The measuring tube 1 is arranged in a housing 2. In the housing 2 are at an angle of 90 ° to the measuring tube 1 at predetermined intervals in the flow direction of the liquid Kanälo for receiving the radiation sources SO to S2 and the radiation receiver EO to E2. The measuring tube 1 is made of glass. It is preceded by the bubble chamber 4 with the therein bladder prechamber 5, wherein the diameter of the cylindrical portion of the bladder chamber is 3 times the Meßrohrdurchmessers. The bubble chamber 5 is with a 4-fold length of the Meßrohrdurchmessers carries on its inflow surface an opening 6 of 1 mm in diameter. Via a fine adjustment 3 and feed 11, gas is injected into the bubble prechamber, where bubbles 7 are formed periodically at intervals of 10 seconds and dispensed into the flame chamber 4. The lateral feed 11 has an angle of 45 ° to the central axis of Blasenkarr.ner 4, the length of the feed 11 is 5 times the Meßrohrdurchmesser.

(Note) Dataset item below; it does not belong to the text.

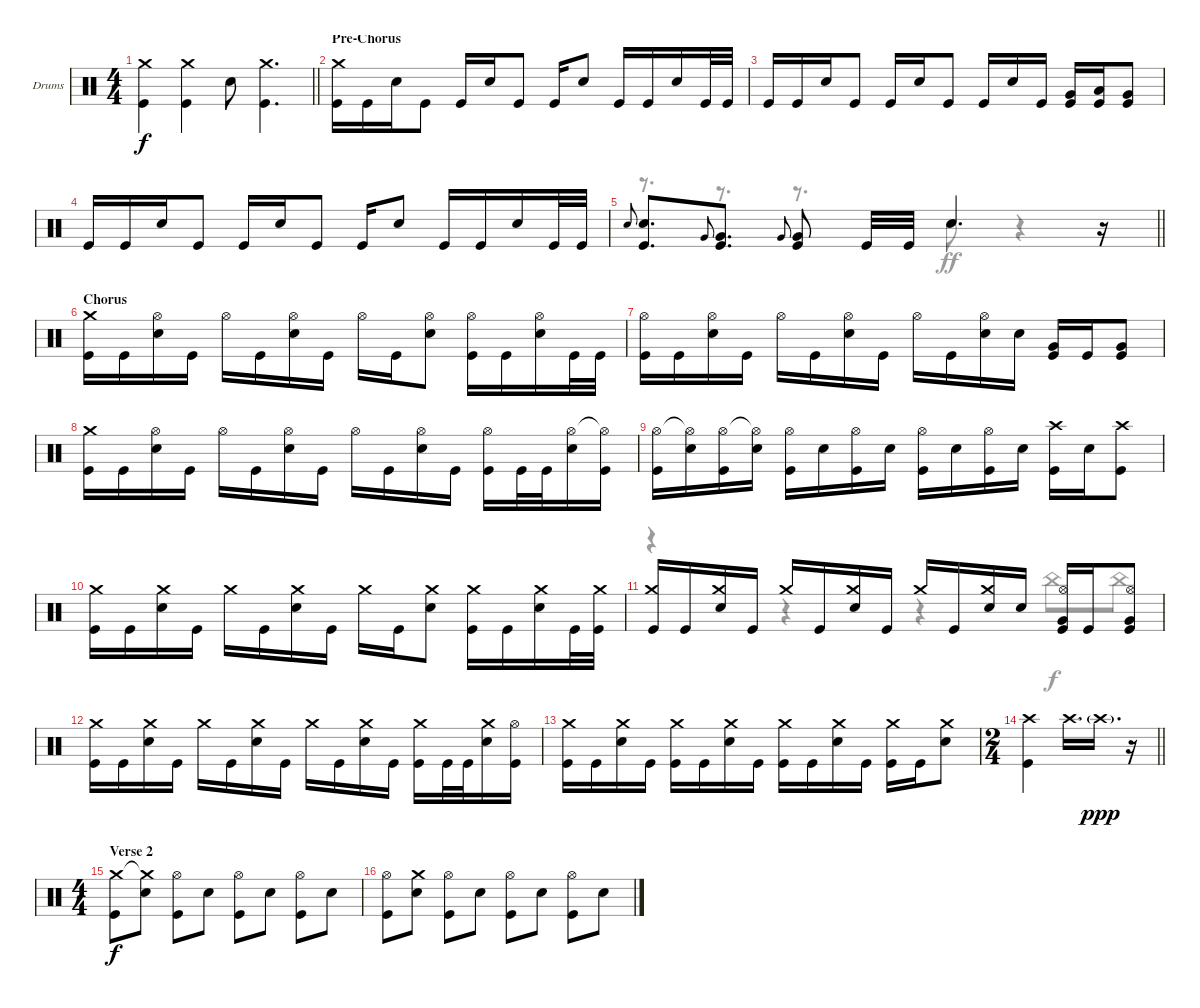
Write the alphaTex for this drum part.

The liquid to be measured flows in the direction of the arrow through the measuring tube 1. SO to S2 and EO to E 2 are arranged opposite, connected to the pipe ends 8 and 9 wei η inlet and outlet of the liquid. The radiation sources and receivers are constantly in operation. They are connected to the control unit 10, which simultaneously takes over the evaluation and display of the measured value.

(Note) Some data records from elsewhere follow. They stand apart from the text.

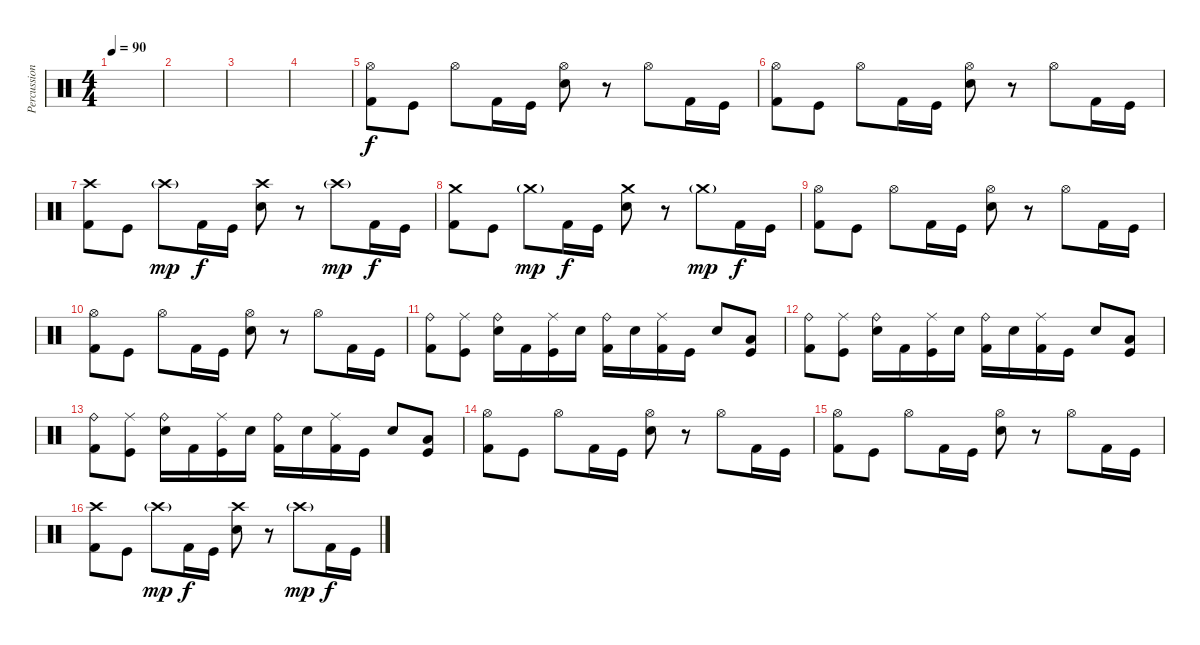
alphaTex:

\track ("Percussion" "Percussion") {instrument percussion}
\staff {score}
\articulation defaults
\ts (4 4)
\tempo 90
\clef neutral
\ks c
|
|
|
|
("Hi-Hat (open)" "Kick (hit) 2").8 "Kick (hit)".8 "Hi-Hat (open)".8 "Kick (hit) 2".16 "Kick (hit)".16 ("Hi-Hat (open)" "Electric Snare (hit)").8 r.8 "Hi-Hat (open)".8 "Kick (hit) 2".16 "Kick (hit)".16 |
("Hi-Hat (open)" "Kick (hit) 2").8 "Kick (hit)".8 "Hi-Hat (open)".8 "Kick (hit) 2".16 "Kick (hit)".16 ("Hi-Hat (open)" "Electric Snare (hit)").8 r.8 "Hi-Hat (open)".8 "Kick (hit) 2".16 "Kick (hit)".16 |
("Crash high (hit)" "Kick (hit) 2").8 "Kick (hit)".8 "Crash high (hit)"{g}.8{dy mp} "Kick (hit) 2".16{dy f} "Kick (hit)".16 ("Crash high (hit)" "Electric Snare (hit)").8 r.8 "Crash high (hit)"{g}.8{dy mp} "Kick (hit) 2".16{dy f} "Kick (hit)".16 |
("Crash medium (hit)" "Kick (hit) 2").8 "Kick (hit)".8 "Crash medium (hit)"{g}.8{dy mp} "Kick (hit) 2".16{dy f} "Kick (hit)".16 ("Crash medium (hit)" "Electric Snare (hit)").8 r.8 "Crash medium (hit)"{g}.8{dy mp} "Kick (hit) 2".16{dy f} "Kick (hit)".16 |
("Hi-Hat (open)" "Kick (hit) 2").8 "Kick (hit)".8 "Hi-Hat (open)".8 "Kick (hit) 2".16 "Kick (hit)".16 ("Hi-Hat (open)" "Electric Snare (hit)").8 r.8 "Hi-Hat (open)".8 "Kick (hit) 2".16 "Kick (hit)".16 |
("Hi-Hat (open)" "Kick (hit) 2").8 "Kick (hit)".8 "Hi-Hat (open)".8 "Kick (hit) 2".16 "Kick (hit)".16 ("Hi-Hat (open)" "Electric Snare (hit)").8 r.8 "Hi-Hat (open)".8 "Kick (hit) 2".16 "Kick (hit)".16 |
("Ride (bell)" "Kick (hit) 2").8 ("Ride (middle)" "Kick (hit)").8 ("Ride (bell)" "Electric Snare (hit)").16 "Kick (hit) 2".16 ("Ride (middle)" "Kick (hit)").16 "Electric Snare (hit)".16 ("Ride (bell)" "Kick (hit) 2").16 "Electric Snare (hit)".16 ("Ride (middle)" "Kick (hit) 2").16 "Kick (hit)".16 "Electric Snare (hit)".8 ("Low Tom (hit)" "Kick (hit)").8 |
("Ride (bell)" "Kick (hit) 2").8 ("Ride (middle)" "Kick (hit)").8 ("Ride (bell)" "Electric Snare (hit)").16 "Kick (hit) 2".16 ("Ride (middle)" "Kick (hit)").16 "Electric Snare (hit)".16 ("Ride (bell)" "Kick (hit) 2").16 "Electric Snare (hit)".16 ("Ride (middle)" "Kick (hit) 2").16 "Kick (hit)".16 "Electric Snare (hit)".8 ("Low Tom (hit)" "Kick (hit)").8 |
("Ride (bell)" "Kick (hit) 2").8 ("Ride (middle)" "Kick (hit)").8 ("Ride (bell)" "Electric Snare (hit)").16 "Kick (hit) 2".16 ("Ride (middle)" "Kick (hit)").16 "Electric Snare (hit)".16 ("Ride (bell)" "Kick (hit) 2").16 "Electric Snare (hit)".16 ("Ride (middle)" "Kick (hit) 2").16 "Kick (hit)".16 "Electric Snare (hit)".8 ("Low Tom (hit)" "Kick (hit)").8 |
("Hi-Hat (open)" "Kick (hit) 2").8 "Kick (hit)".8 "Hi-Hat (open)".8 "Kick (hit) 2".16 "Kick (hit)".16 ("Hi-Hat (open)" "Electric Snare (hit)").8 r.8 "Hi-Hat (open)".8 "Kick (hit) 2".16 "Kick (hit)".16 |
("Hi-Hat (open)" "Kick (hit) 2").8 "Kick (hit)".8 "Hi-Hat (open)".8 "Kick (hit) 2".16 "Kick (hit)".16 ("Hi-Hat (open)" "Electric Snare (hit)").8 r.8 "Hi-Hat (open)".8 "Kick (hit) 2".16 "Kick (hit)".16 |
("Crash high (hit)" "Kick (hit) 2").8 "Kick (hit)".8 "Crash high (hit)"{g}.8{dy mp} "Kick (hit) 2".16{dy f} "Kick (hit)".16 ("Crash high (hit)" "Electric Snare (hit)").8 r.8 "Crash high (hit)"{g}.8{dy mp} "Kick (hit) 2".16{dy f} "Kick (hit)".16

When a bubble 7 passes through the measuring location SO / EO, the display is set to zero, when passing the measuring location S1 / E1 the counting is started and at the measuring location S 2 / E 2 the cycle time is stopped. If stubble bubbles get into the measuring tube 1, they are compensated by the circuit logic, the measuring process is not interrupted. For the selected measuring range from 0.5 l / h to 2000 l / h, measuring tube diameters of 3mm to 12mm are used.

Claims (7)

1. A method for flow measurement of suspensions and emulsions by introducing a bubble of a specific lighter and not miscible with the suspension or emulsion medium, in particular a gas in a measuring tube and measuring the time which the bubble for a distance between defined measuring points in Measuring tube is required, the bladder is produced in a bubble chamber with a diameter greater than the diameter of the measuring tube, characterized in that the bladder flows through a partial flow of the measuring liquid, dio at 0.1 to 1 m / s, the bubble chamber, formed and by this partial flow in the same direction with the measuring liquid is discharged into this. 2. An apparatus for flow measurement of suspensions and emulsions, consisting of a measuring tube with a path defining optical or electrical sensors, an upstream cylindrical, conically tapered to the measuring tube inlet bladder chamber and a shut-off by a fine adjustment feed for a bubble forming medium, in particular a gas , characterized in that in the interior of the bubble chamber, a cylindrical, provided below with an opening bubble prechamber is arranged, wherein the supply for the bubble forming medium opens at an acute angle opposite to the flow direction of the measuring liquid in the bubble pre-chamber and has a fine adjustment in a known manner , 3. Apparatus according to claim 2, characterized in that the equivalent diameter of the bubble chamber is 2 to 3 times greater than the diameter of the measuring tube. 4. Apparatus according to claim 2, characterized gekonnzeichnet that the diameter of the bladder prechamber equal to the diameter of the measuring tube urd the length of the cylindrical portion of the bladder pre-chamber is 3 to 4 times the diameter of the measuring tube. 5. Apparatus according to claim 2 and 4, characterized in that the bubble pre-chamber in the direction of flow has a central opening of 0.5 to 1.5 mm, preferably 1 mm in diameter. 6. Apparatus according to claim 2 and 4, characterized in that the lateral feed to the bladder prechamber an angle between 0 and 45 ° to the central axis of this and the diameter of the feed equal to that of the measuring tube corresponds. 7. Apparatus according to claim 2 and 6, characterized in that the supply of the fine adjustment to the bubble pre-chamber is 2 to 5 times the diameter of the measuring tube.